Perkara tersebut juga menimbulkan perhatian terhadap aspek pengawasan sektor jasa keuangan, terutama berkaitan dengan penerapan prosedur transaksi perbankan serta perlindungan terhadap nasabah.
OJK Sumut Belum Beri Penjelasan Substantif
Terkait perkara itu, awak media sebelumnya telah meminta penjelasan kepada Otoritas Jasa Keuangan (OJK) Provinsi Sumatera Utara. Pertanyaan yang disampaikan antara lain menyangkut aspek pengawasan terhadap dugaan persoalan transaksi perbankan yang menjadi materi gugatan.

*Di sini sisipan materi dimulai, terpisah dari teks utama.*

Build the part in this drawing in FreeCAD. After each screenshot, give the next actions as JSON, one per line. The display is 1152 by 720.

Namun, hingga berita ini diterbitkan, OJK Sumut belum menyampaikan penjelasan substantif mengenai pokok gugatan PT TSI maupun dugaan pelanggaran prosedur perbankan yang dipersoalkan dalam perkara tersebut.
Staf Kantor OJK Sumut, Yovi, menyarankan agar pertanyaan mengenai perkara tersebut disampaikan secara tertulis kepada Kepala OJK Sumut sehingga dapat diteruskan kepada pihak OJK pusat.
“Menurut hemat saya, pertanyaan dapat diajukan secara tertulis kepada Kepala OJK Sumut agar nantinya dapat kami teruskan ke OJK pusat, karena pengawasan bank terkait secara langsung ditangani oleh OJK pusat,” ujar Yovi saat dikonfirmasi melalui WhatsApp.